Metformin therapy and cognitive dysfunction in patients with type 2 diabetes: A meta-analysis and systematic review.

BACKGROUND: Type 2 diabetes (T2D) is a risk factor for cognitive dysfunction. The relationship between metformin therapy and cognitive function in patients with T2D is unknown. Therefore, we determined the relationship between metformin therapy and cognitive function in patients with T2D using a meta-analysis. METHODS: We systematically searched the Cochrane library, PubMed, and Embase to identify studies showing correlations, and we calculated hazard ratios (HRs). RESULTS: We identified 10 studies including 254,679 participants. Metformin significantly reduced the occurrence of cognitive dysfunction in patients with T2D (HR 0.90; 95% CI [0.88, 0.92]). Compared with other hypoglycemic drugs, sulfonylureas also improved cognitive dysfunction (HR 0.92; 95% CI [0.88, 0.95]). Thiazolidinediones gave no statistically significant improvement in cognitive dysfunction (HR 0.97; 95% CI [0.87, 1.07]). The use of insulin aggravated cognitive dysfunction (HR 1.34; 95% CI [1.24, 1.43]). In the subgroup analysis of various regions controlling for age, gender, education, diabetes course, complications, metformin administration and dosage, and follow-up time, metformin significantly improved cognitive dysfunction in patients in the Americas and Europe (HR 0.69; 95% CI [0.63, 0.74]), (HR 0.71; 95% CI [0.66, 0.76], respectively), while metformin did not significantly improve cognitive dysfunction in Asian patients (HR 0.99; 95% CI [0.96, 1.01]).
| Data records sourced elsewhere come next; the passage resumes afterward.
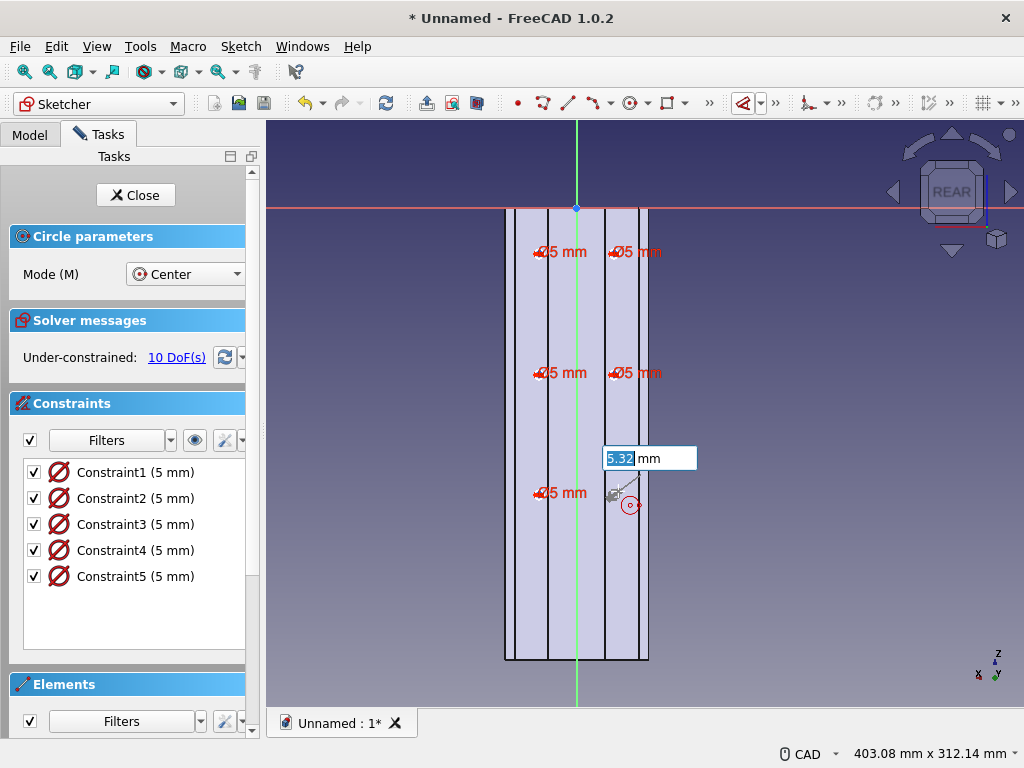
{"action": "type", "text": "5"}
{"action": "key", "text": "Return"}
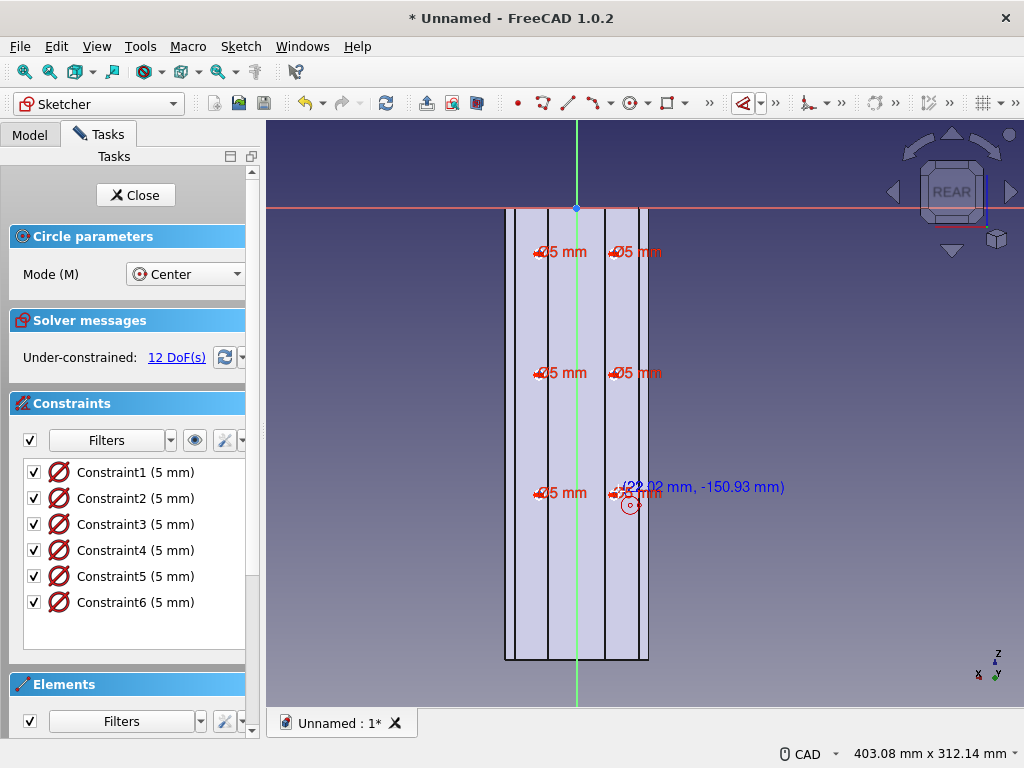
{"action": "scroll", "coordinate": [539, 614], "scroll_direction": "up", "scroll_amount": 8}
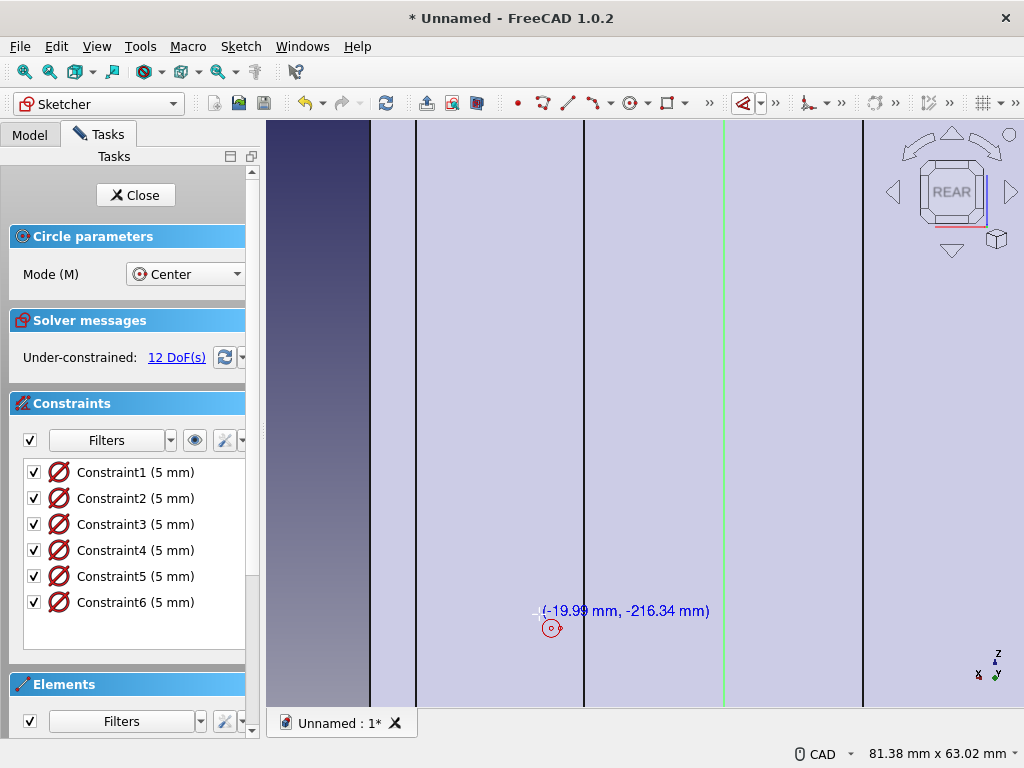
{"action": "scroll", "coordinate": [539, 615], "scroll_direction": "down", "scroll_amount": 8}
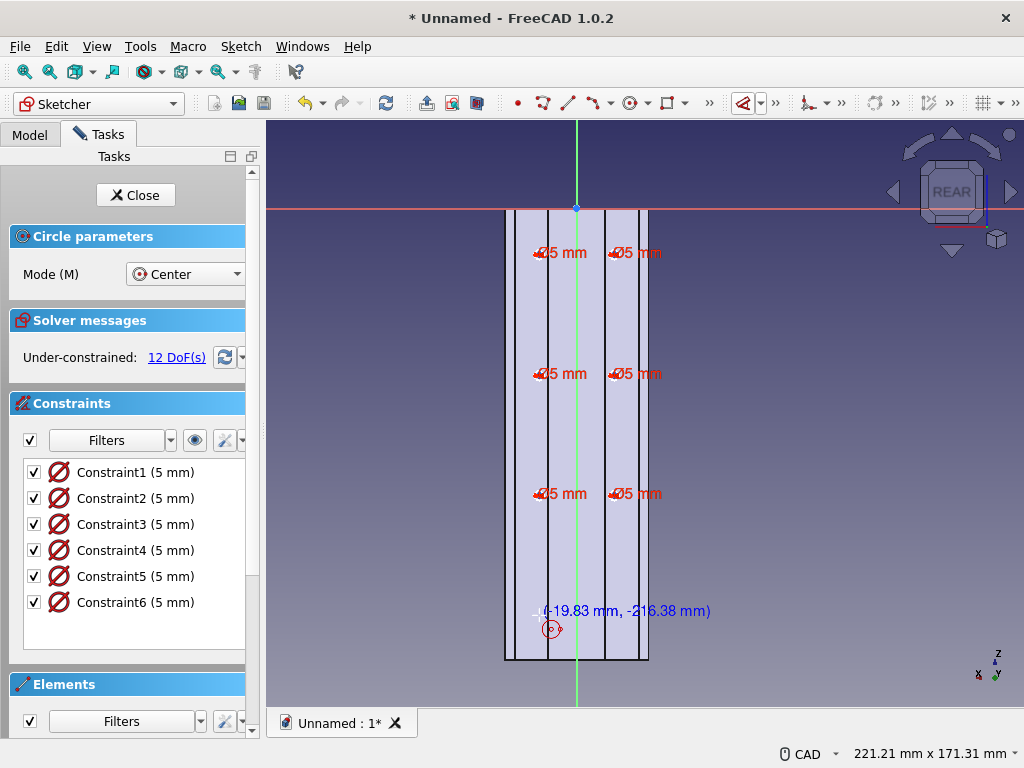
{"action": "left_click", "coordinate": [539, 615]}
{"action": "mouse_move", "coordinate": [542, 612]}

CONCLUSIONS: Metformin significantly improved cognitive dysfunction in patients with T2D. Sulfonylureas also improved cognitive dysfunction. Thiazolidinediones had no significant effect on cognitive dysfunction. The use of insulin aggravated cognitive dysfunction. Metformin improved cognitive dysfunction more significantly in patients in the Americas and Europe than in Asia.